Когда она подошла поближе, Конан разглядел, что девушка несет большую оплетенную бутыль. Санча молча вручила сосуд киммерийцу, присела рядом и стала смотреть, как он привычными движениями, кончиком ножа извлекает туго забитую пробку. Наконец, кусочек дерева глухо чмокнул, вылетел, описав дугу, и покатился по песку. Отхлебнув, северянин передал сосуд все еще раздосадовано сопевшему Зелтрану, и мельком подумал, что всю жизнь попадает в компании людей, которых ничто, на первый взгляд, не должно связывать между собой.
Вот сидят они сейчас на берегу – коренной зингарец Зелтран, родившийся в забытой Митрой приморской деревеньке, герцогская дочка, напрочь позабывшая о благородном происхождении, и он сам, наемник, пират и прочее… Одни называют это судьбой, некоторые – стечением обстоятельств, но Конан почти никогда специально не искал приключений – они сами находили варвара, и оставалось только следовать их прихотливыми путями да поглядывать по сторонам – какую еще загадку судьба подкинет по дороге и нельзя ли ее обратить в золото? Загадки, не приносившие дохода, всегда оказывались куда менее интересными…

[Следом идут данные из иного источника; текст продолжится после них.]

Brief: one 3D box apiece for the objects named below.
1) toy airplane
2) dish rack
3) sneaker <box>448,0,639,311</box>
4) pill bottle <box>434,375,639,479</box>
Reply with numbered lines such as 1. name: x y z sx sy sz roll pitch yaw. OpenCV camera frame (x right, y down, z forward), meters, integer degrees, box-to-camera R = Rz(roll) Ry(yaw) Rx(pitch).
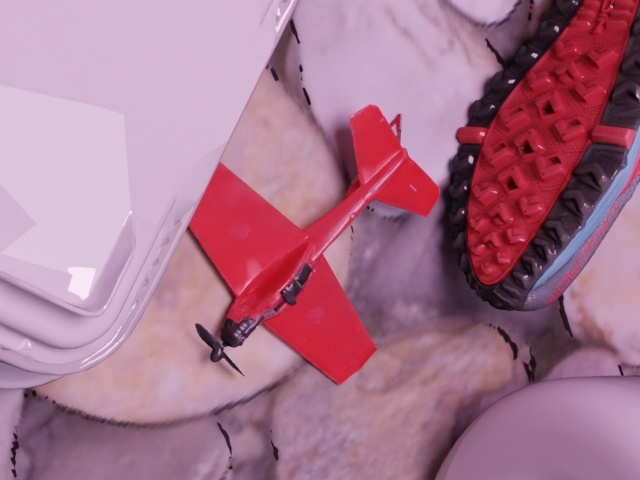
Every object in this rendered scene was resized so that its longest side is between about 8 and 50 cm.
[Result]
1. toy airplane: 0.000 0.000 0.817 0.151 0.028 0.151 -10 107 -34
2. dish rack: -0.147 -0.110 0.649 0.333 0.072 0.285 29 83 -36
3. sneaker: 0.165 -0.069 0.870 0.125 0.104 0.262 36 80 -36
4. pill bottle: 0.267 0.183 0.917 0.407 0.229 0.229 3 98 -35

Кора пальмы, послужившей Вайду вместо мишени, превратилась в разлохмаченное мочало, ножи глубоко увязали в стволе – получалась не проверка меткости, а сплошное мучение. Последний кинжал Крысенок с досады метнул в большую изумрудно-золотистую ящерицу, выползшую на прокаленную солнцем макушку валуна и пристальным немигающим взглядом наблюдавшую за человеком. Клинок проскрежетал по камню, перепуганная ящерица зеленой молнией метнулась прочь. Вайд вздохнул, выдернул засевшие в дереве ножи и отправился за последним, улетевшим за валуны. На душе было тоскливо – он добился своего и вместе с остальными уходил в джунгли, но никакой радости от этого не испытывал. Если бы время можно было повернуть назад, Вайд ни за какие сокровища не полез бы смотреть проклятую карту… И сейчас бросал кинжалы с такой яростью, будто злейшему врагу мстил.
Сначала через верхушку камня перелетел и наискось воткнулся в песок метательный нож с черной резной рукояткой, а затем явился притихший в последние дни Крысенок. Заметив откупоренный кувшин, уставился на него, как заблудившийся в пустыне – на появившийся вдали оазис. Убедившись, что остатки вина никому не нужны, Вайд забрал свой клинок, заодно прихватил полупустой сосуд и быстро ушел, провожаемый неприязненным взглядом киммерийца. Конан уже не раз повторял себе, что совершил непростительную ошибку, приведя мелкого воришку с улиц Кордавы на борт своего корабля.